▸ **Work order**: The records that follow are to be repeated exactly, without any pictures.

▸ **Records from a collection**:
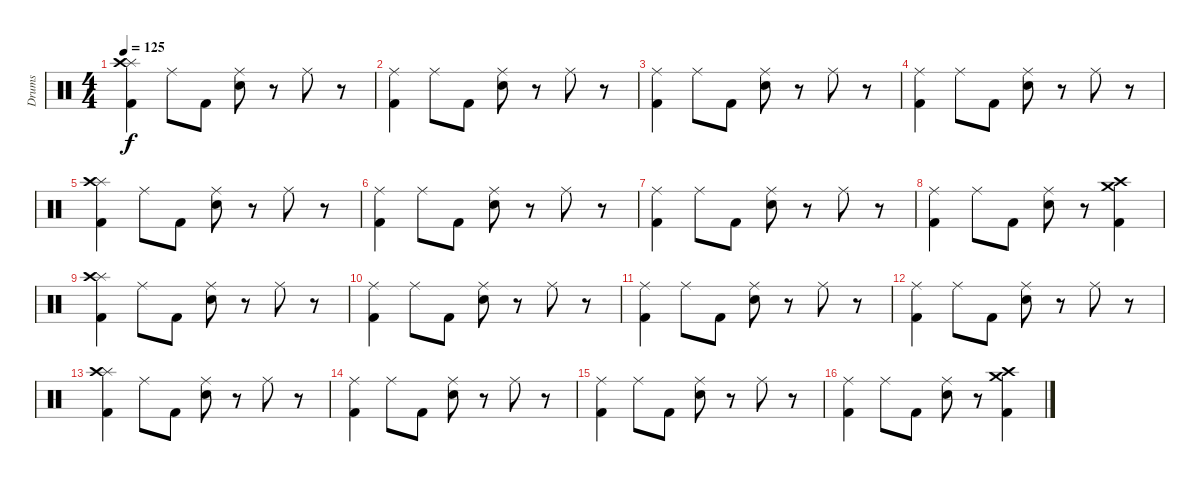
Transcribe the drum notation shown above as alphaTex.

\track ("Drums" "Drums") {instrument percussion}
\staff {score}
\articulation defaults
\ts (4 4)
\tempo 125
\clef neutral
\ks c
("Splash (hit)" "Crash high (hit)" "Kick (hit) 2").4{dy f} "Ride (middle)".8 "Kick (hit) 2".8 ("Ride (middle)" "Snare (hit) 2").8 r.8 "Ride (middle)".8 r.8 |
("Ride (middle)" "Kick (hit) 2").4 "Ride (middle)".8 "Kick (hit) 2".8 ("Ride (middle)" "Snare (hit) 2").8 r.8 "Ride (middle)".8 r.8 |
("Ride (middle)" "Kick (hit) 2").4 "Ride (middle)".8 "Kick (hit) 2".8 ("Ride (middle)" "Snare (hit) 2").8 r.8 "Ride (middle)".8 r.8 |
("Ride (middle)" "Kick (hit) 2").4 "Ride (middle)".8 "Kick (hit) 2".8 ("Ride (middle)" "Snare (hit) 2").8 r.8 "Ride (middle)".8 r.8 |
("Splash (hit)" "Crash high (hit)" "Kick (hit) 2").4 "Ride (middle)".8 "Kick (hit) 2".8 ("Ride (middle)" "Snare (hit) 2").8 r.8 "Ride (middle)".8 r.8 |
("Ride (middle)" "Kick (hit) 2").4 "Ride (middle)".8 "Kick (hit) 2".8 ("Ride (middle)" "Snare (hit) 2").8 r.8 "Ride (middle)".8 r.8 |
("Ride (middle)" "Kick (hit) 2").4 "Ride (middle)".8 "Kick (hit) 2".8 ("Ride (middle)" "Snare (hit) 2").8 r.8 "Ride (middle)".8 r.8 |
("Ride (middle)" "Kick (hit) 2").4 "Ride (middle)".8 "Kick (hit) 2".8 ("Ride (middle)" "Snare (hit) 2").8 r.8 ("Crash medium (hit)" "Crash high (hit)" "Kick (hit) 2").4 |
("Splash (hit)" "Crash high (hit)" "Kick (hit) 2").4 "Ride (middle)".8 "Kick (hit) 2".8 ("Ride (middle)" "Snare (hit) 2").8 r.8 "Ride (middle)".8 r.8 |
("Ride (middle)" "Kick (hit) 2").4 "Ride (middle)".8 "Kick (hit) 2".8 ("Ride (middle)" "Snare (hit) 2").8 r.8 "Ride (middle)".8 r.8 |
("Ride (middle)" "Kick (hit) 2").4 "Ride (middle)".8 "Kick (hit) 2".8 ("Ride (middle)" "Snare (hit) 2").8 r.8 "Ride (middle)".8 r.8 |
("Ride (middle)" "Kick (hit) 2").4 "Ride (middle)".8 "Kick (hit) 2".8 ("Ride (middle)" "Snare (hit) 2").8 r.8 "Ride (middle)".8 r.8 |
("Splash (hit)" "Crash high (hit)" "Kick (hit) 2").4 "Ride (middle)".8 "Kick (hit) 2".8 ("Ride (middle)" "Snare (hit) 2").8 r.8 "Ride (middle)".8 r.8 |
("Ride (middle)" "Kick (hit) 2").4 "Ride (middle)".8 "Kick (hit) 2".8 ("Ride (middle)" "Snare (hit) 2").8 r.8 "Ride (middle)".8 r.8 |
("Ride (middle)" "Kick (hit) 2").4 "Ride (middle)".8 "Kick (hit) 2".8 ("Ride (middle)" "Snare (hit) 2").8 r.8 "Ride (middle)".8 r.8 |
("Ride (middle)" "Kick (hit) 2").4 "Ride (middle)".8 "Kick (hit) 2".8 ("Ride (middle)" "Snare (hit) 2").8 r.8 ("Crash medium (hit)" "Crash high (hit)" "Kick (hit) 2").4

▸ **Problem solution**:
Transcribe the drum notation shown above as alphaTex.

\track ("Drums" "Drums") {instrument percussion}
\staff {score}
\articulation defaults
\ts (4 4)
\tempo 125
\clef neutral
\ks c
("Splash (hit)" "Crash high (hit)" "Kick (hit) 2").4{dy f} "Ride (middle)".8 "Kick (hit) 2".8 ("Ride (middle)" "Snare (hit) 2").8 r.8 "Ride (middle)".8 r.8 |
("Ride (middle)" "Kick (hit) 2").4 "Ride (middle)".8 "Kick (hit) 2".8 ("Ride (middle)" "Snare (hit) 2").8 r.8 "Ride (middle)".8 r.8 |
("Ride (middle)" "Kick (hit) 2").4 "Ride (middle)".8 "Kick (hit) 2".8 ("Ride (middle)" "Snare (hit) 2").8 r.8 "Ride (middle)".8 r.8 |
("Ride (middle)" "Kick (hit) 2").4 "Ride (middle)".8 "Kick (hit) 2".8 ("Ride (middle)" "Snare (hit) 2").8 r.8 "Ride (middle)".8 r.8 |
("Splash (hit)" "Crash high (hit)" "Kick (hit) 2").4 "Ride (middle)".8 "Kick (hit) 2".8 ("Ride (middle)" "Snare (hit) 2").8 r.8 "Ride (middle)".8 r.8 |
("Ride (middle)" "Kick (hit) 2").4 "Ride (middle)".8 "Kick (hit) 2".8 ("Ride (middle)" "Snare (hit) 2").8 r.8 "Ride (middle)".8 r.8 |
("Ride (middle)" "Kick (hit) 2").4 "Ride (middle)".8 "Kick (hit) 2".8 ("Ride (middle)" "Snare (hit) 2").8 r.8 "Ride (middle)".8 r.8 |
("Ride (middle)" "Kick (hit) 2").4 "Ride (middle)".8 "Kick (hit) 2".8 ("Ride (middle)" "Snare (hit) 2").8 r.8 ("Crash medium (hit)" "Crash high (hit)" "Kick (hit) 2").4 |
("Splash (hit)" "Crash high (hit)" "Kick (hit) 2").4 "Ride (middle)".8 "Kick (hit) 2".8 ("Ride (middle)" "Snare (hit) 2").8 r.8 "Ride (middle)".8 r.8 |
("Ride (middle)" "Kick (hit) 2").4 "Ride (middle)".8 "Kick (hit) 2".8 ("Ride (middle)" "Snare (hit) 2").8 r.8 "Ride (middle)".8 r.8 |
("Ride (middle)" "Kick (hit) 2").4 "Ride (middle)".8 "Kick (hit) 2".8 ("Ride (middle)" "Snare (hit) 2").8 r.8 "Ride (middle)".8 r.8 |
("Ride (middle)" "Kick (hit) 2").4 "Ride (middle)".8 "Kick (hit) 2".8 ("Ride (middle)" "Snare (hit) 2").8 r.8 "Ride (middle)".8 r.8 |
("Splash (hit)" "Crash high (hit)" "Kick (hit) 2").4 "Ride (middle)".8 "Kick (hit) 2".8 ("Ride (middle)" "Snare (hit) 2").8 r.8 "Ride (middle)".8 r.8 |
("Ride (middle)" "Kick (hit) 2").4 "Ride (middle)".8 "Kick (hit) 2".8 ("Ride (middle)" "Snare (hit) 2").8 r.8 "Ride (middle)".8 r.8 |
("Ride (middle)" "Kick (hit) 2").4 "Ride (middle)".8 "Kick (hit) 2".8 ("Ride (middle)" "Snare (hit) 2").8 r.8 "Ride (middle)".8 r.8 |
("Ride (middle)" "Kick (hit) 2").4 "Ride (middle)".8 "Kick (hit) 2".8 ("Ride (middle)" "Snare (hit) 2").8 r.8 ("Crash medium (hit)" "Crash high (hit)" "Kick (hit) 2").4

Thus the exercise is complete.